For every line of the material below, check for the string "screenshot" and return the line if it is there.
Supplied material Block Start
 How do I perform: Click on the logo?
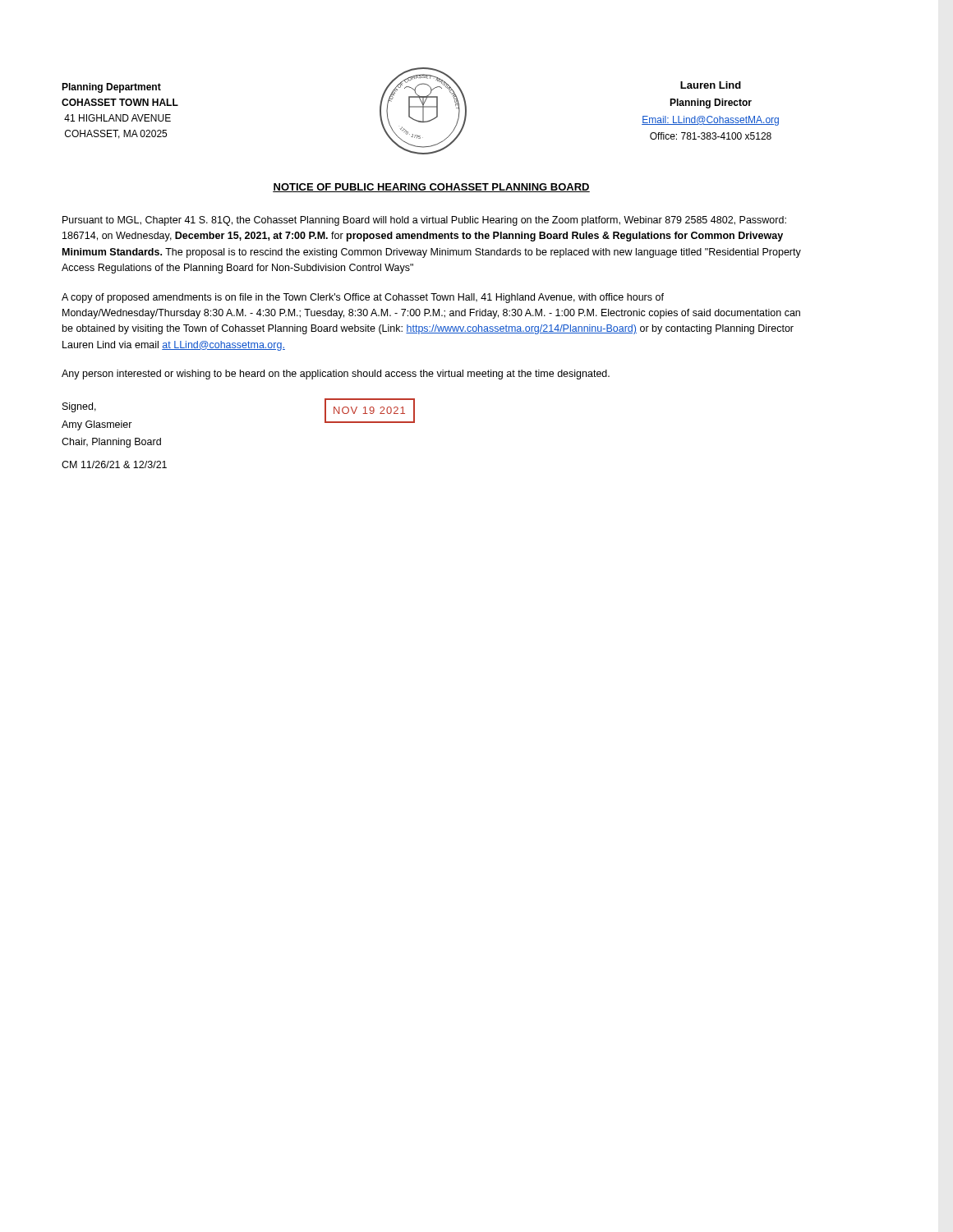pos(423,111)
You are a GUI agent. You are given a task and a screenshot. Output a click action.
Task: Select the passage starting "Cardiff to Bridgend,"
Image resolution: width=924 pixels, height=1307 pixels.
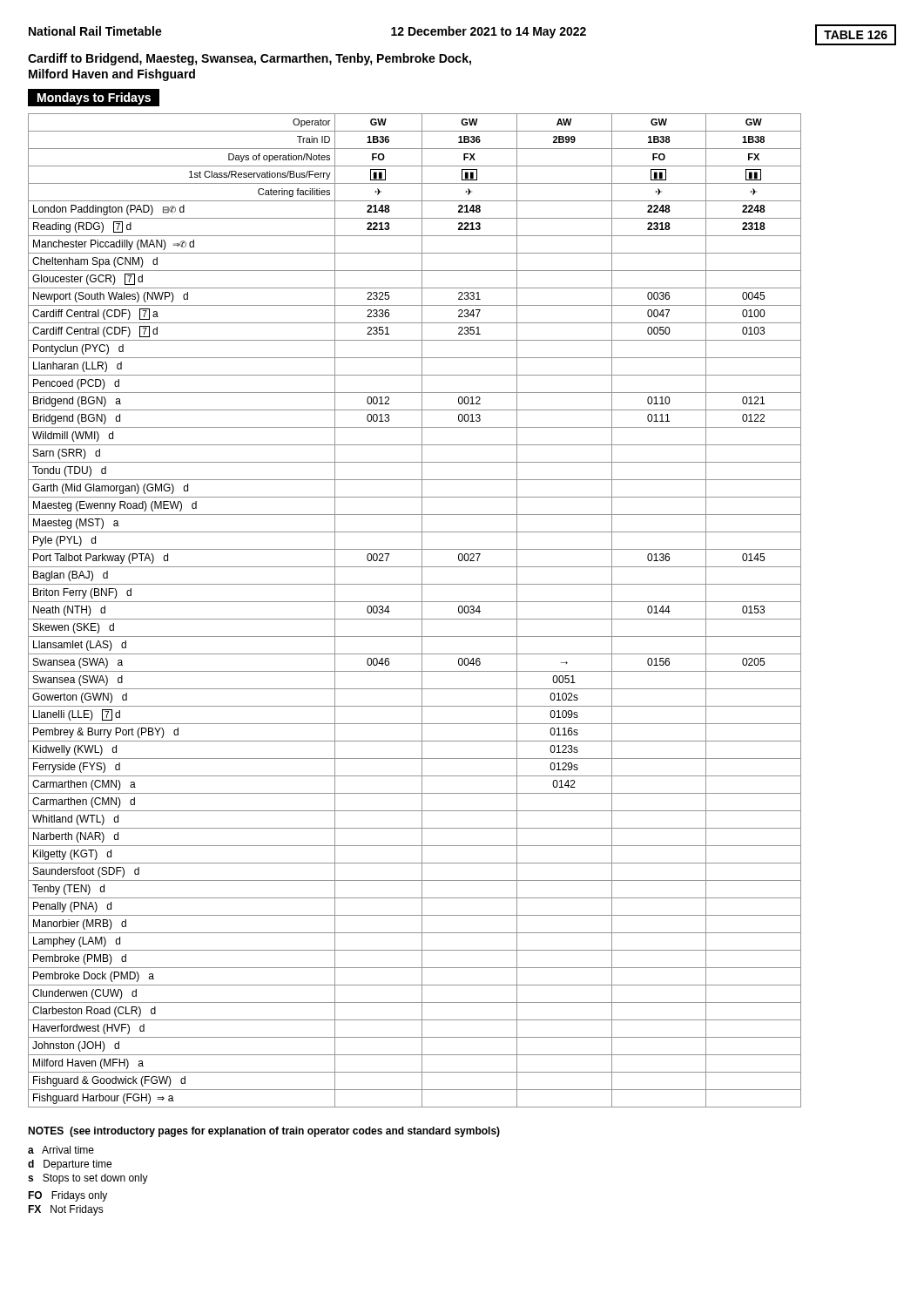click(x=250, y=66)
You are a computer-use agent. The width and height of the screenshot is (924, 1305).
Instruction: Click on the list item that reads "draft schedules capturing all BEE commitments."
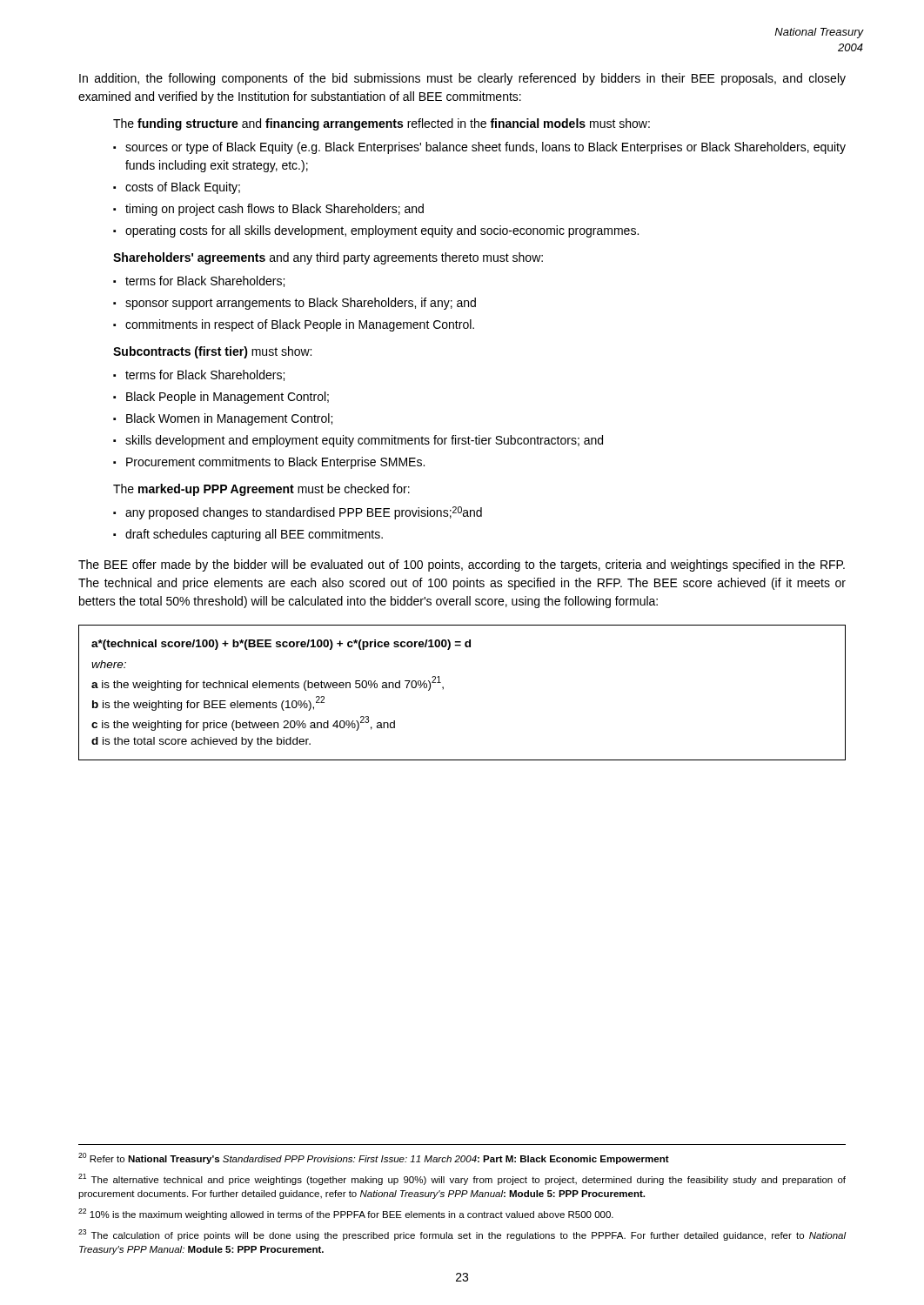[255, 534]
Supplied material Block End
Supplied material Block Start
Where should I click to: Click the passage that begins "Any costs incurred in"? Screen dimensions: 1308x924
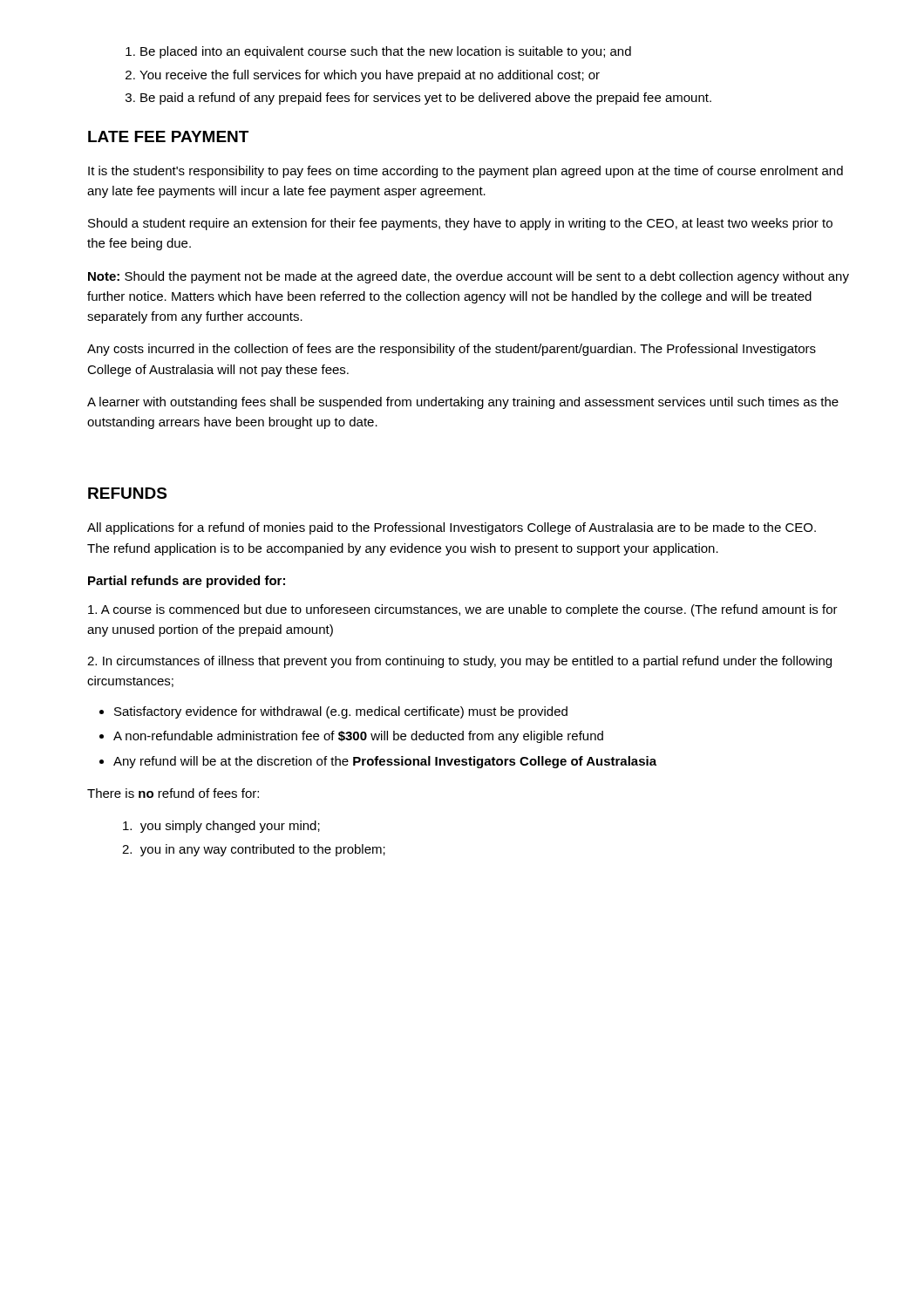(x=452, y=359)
Supplied material Block End
Written answer:
You are a GUI agent. You are given a task and a screenshot. Output a click action.
You are a computer-use agent. The width and height of the screenshot is (924, 1305).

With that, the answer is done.